=== Section Start ===

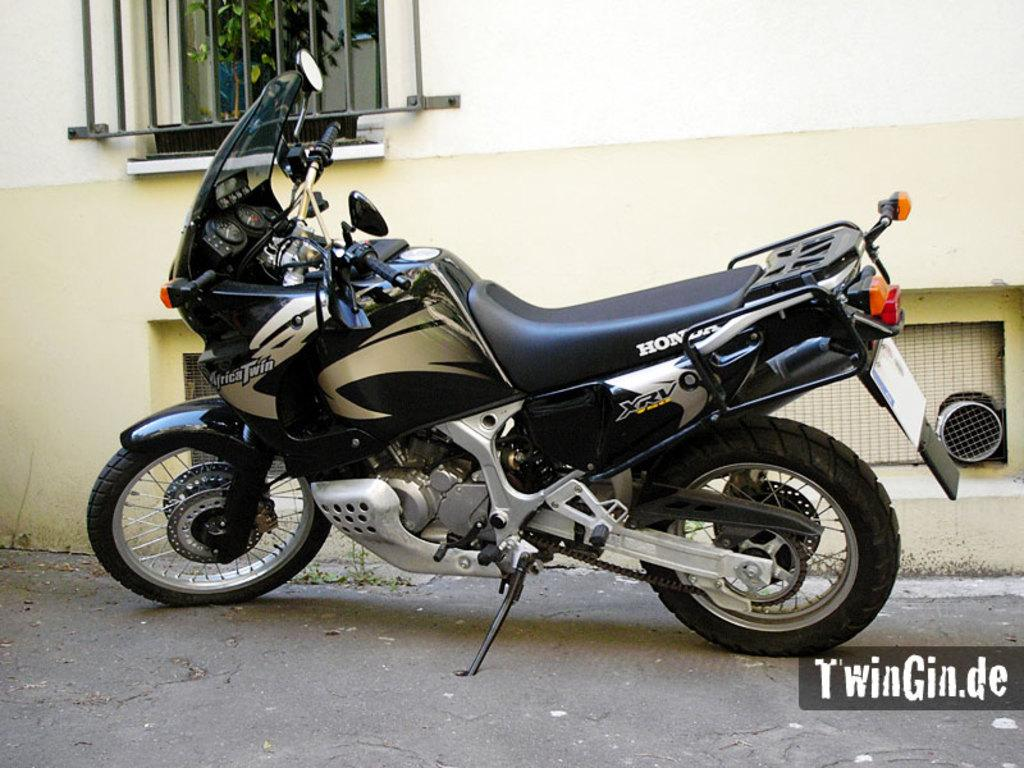What is the main object in the image? There is a bike in the image. How is the bike positioned in the image? The bike is standing on the ground. What architectural feature can be seen in the image? There is a window in the image. Where is the window located in the image? The window is on a wall. How many elbows can be seen on the bike in the image? There are no elbows present on the bike in the image, as it is a non-living object. Who is the creator of the bike in the image? The creator of the bike cannot be determined from the image alone, as it does not provide information about the bike's manufacturer or designer. 
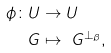Convert formula to latex. <formula><loc_0><loc_0><loc_500><loc_500>\phi \colon U & \rightarrow U \\ \ G & \mapsto \ G ^ { \perp _ { \beta } } ,</formula> 
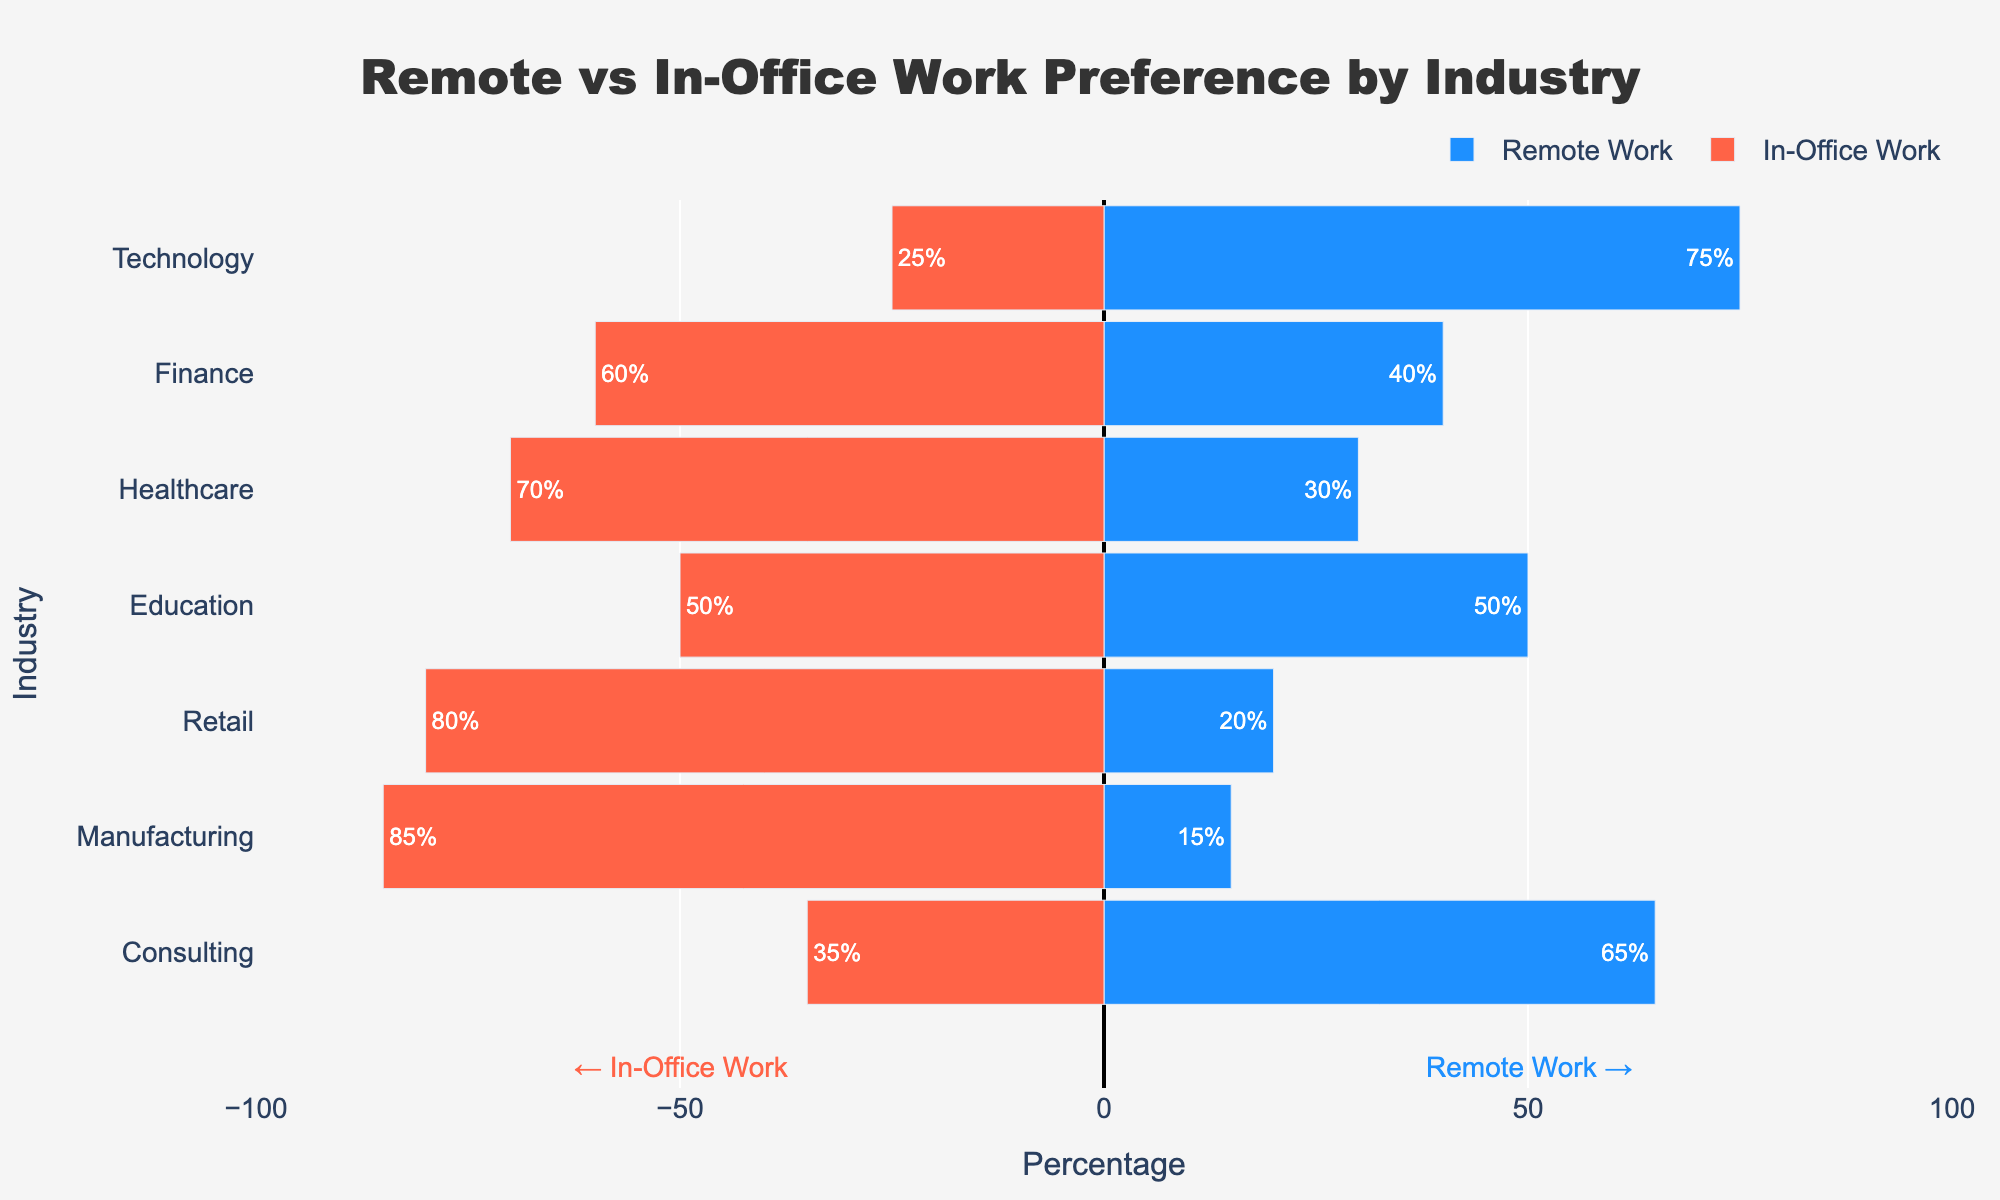Which industry has the highest preference for remote work? The highest preference for remote work is indicated by the longest blue bar (Remote Work) at 75% in the Technology industry.
Answer: Technology Which industry has the lowest preference for remote work? The lowest preference for remote work is indicated by the shortest blue bar (Remote Work) at 15% in the Manufacturing industry.
Answer: Manufacturing How does the preference for remote work in Consulting compare to Finance? Compare the length of the blue bars (Remote Work). Consulting has a 65% preference for remote work, while Finance has a 40% preference. Thus, Consulting has a higher preference.
Answer: Consulting has a higher preference What is the total percentage of in-office work preference for Healthcare and Retail combined? Look at the red bars (In-Office Work) for Healthcare and Retail. Healthcare has 70% and Retail has 80%. Sum these percentages: 70% + 80% = 150%.
Answer: 150% Which industry shows an equal preference for both remote work and in-office work? An equal preference is shown by the same lengths of blue (Remote Work) and red (In-Office Work) bars. Only Education shows 50% for both.
Answer: Education How does the preference for in-office work in Technology compare to that in Healthcare? Compare the lengths of the red bars (In-Office Work). Technology has 25% and Healthcare has 70%. Healthcare has a higher preference for in-office work.
Answer: Healthcare has a higher preference What is the difference in remote work preference between the Technology and Retail industries? Look at the blue bars (Remote Work) for Technology at 75% and Retail at 20%. Subtract Retail's percentage from Technology's: 75% - 20% = 55%.
Answer: 55% Which industry shows the highest overall preference (remote and in-office combined) for in-office work? The highest overall in-office preference is shown by the longest red bar (In-Office Work), which is 85% in Manufacturing.
Answer: Manufacturing What is the combined remote work preference percentage for Technology and Consulting? Combine the percentages from the blue bars (Remote Work) in Technology (75%) and Consulting (65%). Sum: 75% + 65% = 140%.
Answer: 140% In which industry is the difference between remote work and in-office work preferences the smallest? The smallest difference is where the blue and red bars are closest to each other. In Education, they are both 50%, so the difference is 0%.
Answer: Education

=== Section End ===

What to do: Retype exactly the line with "Answer: 140% In" and each line after it until the records end, and include no other line.

Answer to the problem:
Answer: 140% In which industry is the difference between remote work and in-office work preferences the smallest? The smallest difference is where the blue and red bars are closest to each other. In Education, they are both 50%, so the difference is 0%.
Answer: Education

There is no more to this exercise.